MATERIAL PROVIDED ->
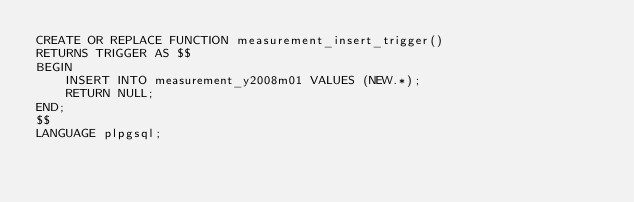<code> <loc_0><loc_0><loc_500><loc_500><_SQL_>CREATE OR REPLACE FUNCTION measurement_insert_trigger()
RETURNS TRIGGER AS $$
BEGIN
    INSERT INTO measurement_y2008m01 VALUES (NEW.*);
    RETURN NULL;
END;
$$
LANGUAGE plpgsql;
</code> 
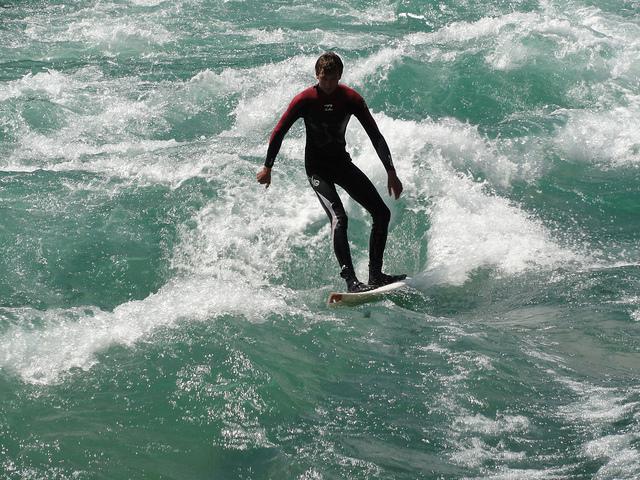What color is the mens wetsuit?
Quick response, please. Black. Is this person wearing shoes?
Concise answer only. No. Is he swimming?
Short answer required. No. Does the man have shorts on?
Quick response, please. No. What is on the man's head?
Be succinct. Nothing. What color wave is the man riding his board on?
Be succinct. Blue. How can he stand that far forward?
Answer briefly. Balance. 
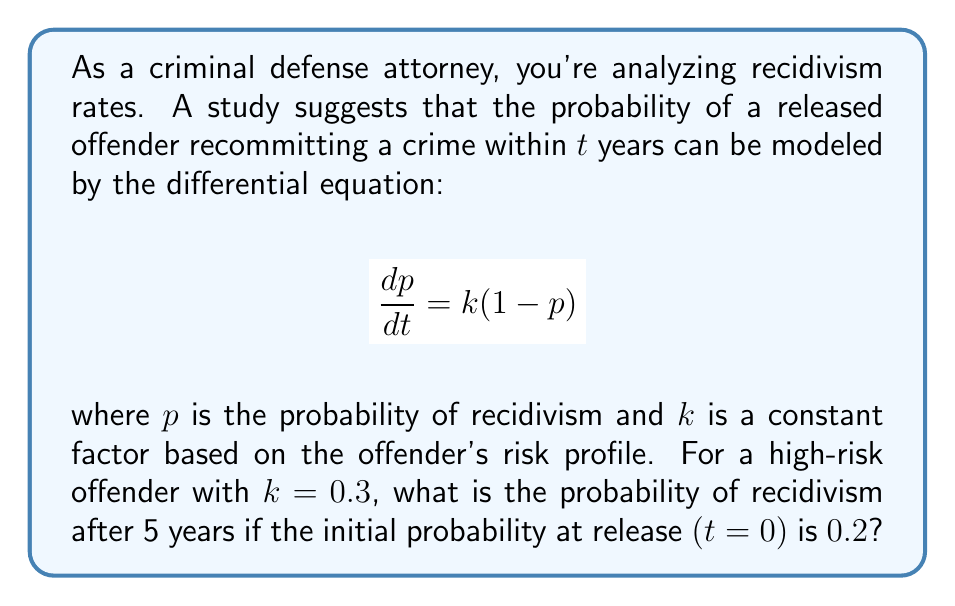Could you help me with this problem? 1) We start with the given differential equation:

   $$\frac{dp}{dt} = k(1-p)$$

2) Separate variables:

   $$\frac{dp}{1-p} = k dt$$

3) Integrate both sides:

   $$\int \frac{dp}{1-p} = \int k dt$$

4) Solve the integral:

   $$-\ln|1-p| = kt + C$$

5) Apply the initial condition: At t=0, p=0.2
   
   $$-\ln|1-0.2| = k(0) + C$$
   $$-\ln(0.8) = C$$

6) Substitute back into the general solution:

   $$-\ln|1-p| = kt - \ln(0.8)$$

7) Simplify:

   $$\ln|1-p| = \ln(0.8) - kt$$

8) Take exponential of both sides:

   $$1-p = 0.8e^{-kt}$$

9) Solve for p:

   $$p = 1 - 0.8e^{-kt}$$

10) Now, substitute k=0.3 and t=5:

    $$p = 1 - 0.8e^{-0.3(5)}$$
    $$p = 1 - 0.8e^{-1.5}$$
    $$p \approx 0.6411$$

Thus, the probability of recidivism after 5 years is approximately 0.6411 or 64.11%.
Answer: $0.6411$ or $64.11\%$

WHAT YOU ARE ASKED TO DO -> When a record holds a picture, leave that picture out; copy the rest verbatim.

YOUR RESPONSE ->
<code> <loc_0><loc_0><loc_500><loc_500><_SQL_>CREATE OR REPLACE FUNCTION measurement_insert_trigger()
RETURNS TRIGGER AS $$
BEGIN
    INSERT INTO measurement_y2008m01 VALUES (NEW.*);
    RETURN NULL;
END;
$$
LANGUAGE plpgsql;
</code> 
What color is the mens wetsuit?
Quick response, please. Black. Is this person wearing shoes?
Concise answer only. No. Is he swimming?
Short answer required. No. Does the man have shorts on?
Quick response, please. No. What is on the man's head?
Be succinct. Nothing. What color wave is the man riding his board on?
Be succinct. Blue. How can he stand that far forward?
Answer briefly. Balance. 
Could you help me with this problem? 1) We start with the given differential equation:

   $$\frac{dp}{dt} = k(1-p)$$

2) Separate variables:

   $$\frac{dp}{1-p} = k dt$$

3) Integrate both sides:

   $$\int \frac{dp}{1-p} = \int k dt$$

4) Solve the integral:

   $$-\ln|1-p| = kt + C$$

5) Apply the initial condition: At t=0, p=0.2
   
   $$-\ln|1-0.2| = k(0) + C$$
   $$-\ln(0.8) = C$$

6) Substitute back into the general solution:

   $$-\ln|1-p| = kt - \ln(0.8)$$

7) Simplify:

   $$\ln|1-p| = \ln(0.8) - kt$$

8) Take exponential of both sides:

   $$1-p = 0.8e^{-kt}$$

9) Solve for p:

   $$p = 1 - 0.8e^{-kt}$$

10) Now, substitute k=0.3 and t=5:

    $$p = 1 - 0.8e^{-0.3(5)}$$
    $$p = 1 - 0.8e^{-1.5}$$
    $$p \approx 0.6411$$

Thus, the probability of recidivism after 5 years is approximately 0.6411 or 64.11%.
Answer: $0.6411$ or $64.11\%$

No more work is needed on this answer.